岡本真帆さんはこんな短歌を詠んでいるんだぜ(20選シリーズ)
じゃんけんパー勝って飛びつくえりあしは塩素のにおい 夏が始まる
無駄なことばかりしようよ自販機のボタン全部を同時押しとか
ドリンクバー押すと交互に降り注ぐコーラとコーラではない何か
さわやかな風がそろりと入る網戸バリバリバリバリねこバリバリバリ
ゴミだって思ってみたび触れてしまう表紙の中の小さな鳥に
本来の服の持ち味殺してる私の服の組み合わせ方
砂浜のSOSを踏み潰し、ここは異常のない無人島
特別なことは一つも訪れずさなぎのままで秋の制服
たいせつな話なら今聞きたくない 遮るための電車を願う
くるくると夏のコンパス正しさを描いてふたり離れて眠る
謝らない通行人の頭部見る 傘の先端とんがっている
無駄なことだと言う大人 無駄であることがどうして分かるのだろう
壊れたものでもかまいません壊れたものでもかまいません、かまいませんから
廃線をたどっていこう これ以上雑踏に染まるのはごめんだ
感情をあまり出さない君がする嬉しいときのへたなスキップ
シャーペンの芯を逆流させている君には罪の意識などない
新しい顔はもういい バタコさんきちんと死ねる心臓をくれ
まきびしのはずだったのに敵陣にはじけるこんぺいとうこんぺいとう
まだ何かあるんじゃないかと期待するエンドロールの後の一瞬
何気なく打った数字で開く鍵 ねえこの四桁って、わたしの
(written by 岡本真帆:https://note.mu/mapiction)

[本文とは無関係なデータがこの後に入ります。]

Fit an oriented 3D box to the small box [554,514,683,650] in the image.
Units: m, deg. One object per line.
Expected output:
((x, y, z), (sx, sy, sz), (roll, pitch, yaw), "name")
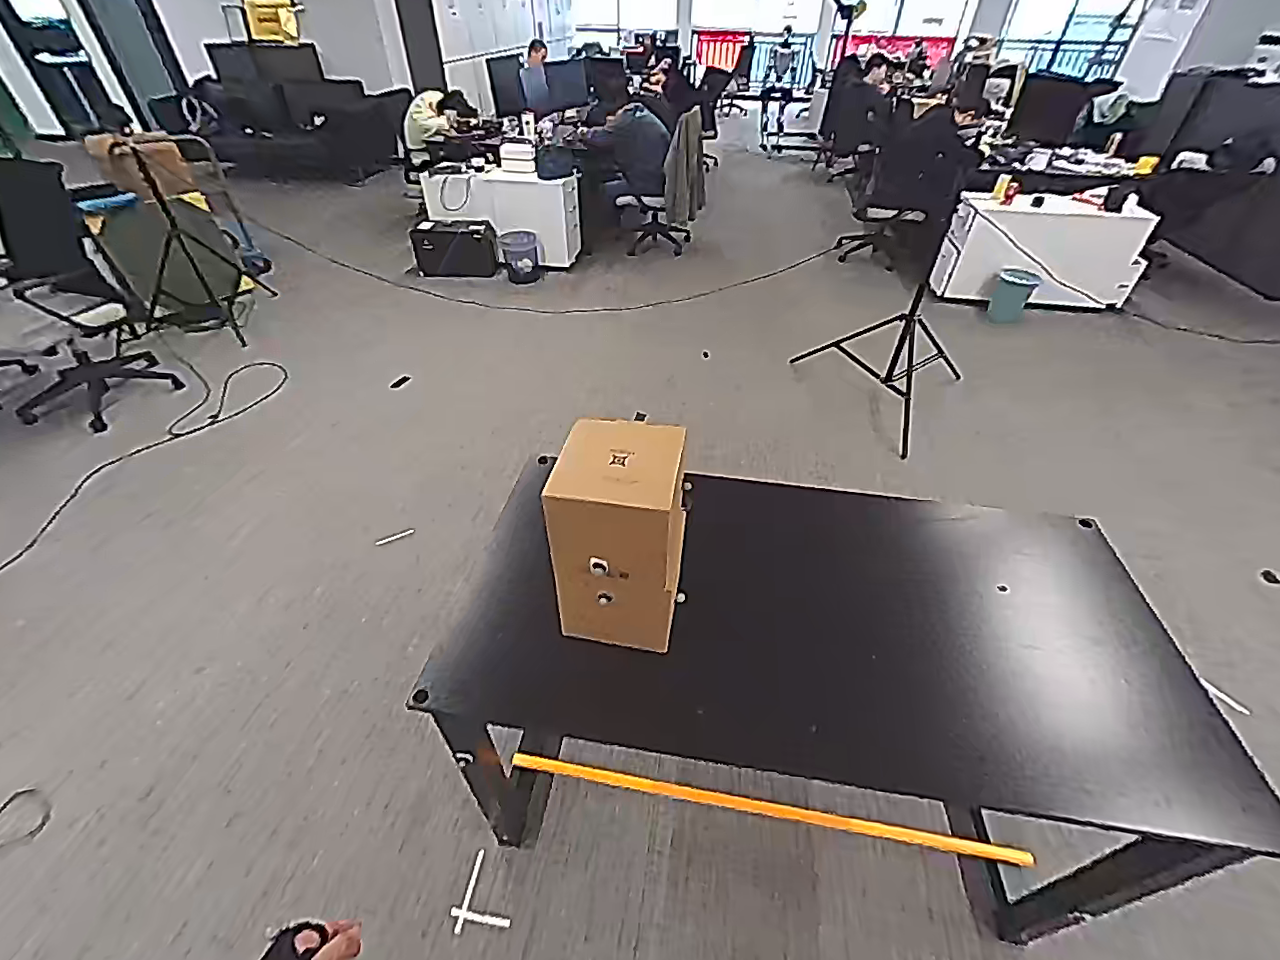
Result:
((-0.029, 0.159, 0.895), (0.179, 0.176, 0.168), (8, 42, 7), "small box")

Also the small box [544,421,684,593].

岡本真帆さんの短歌には、どこか寂しげな雰囲気のものが多い。寂しげ…というか、心の中に何か欠けた部分を持っている主体を感じるような。「ここではないどこか」へ行きたがっている、と言ってもいいかもしれない。
日常の景色を歌った寂しげな歌の中に、非日常を歌ったドキッとするようなサスペンスめいた歌も登場する。
静かなトーンなんだけれども、それは「何かを抑えている静かさ」なのかもしれない、と感じられるような、そんな短歌の数々。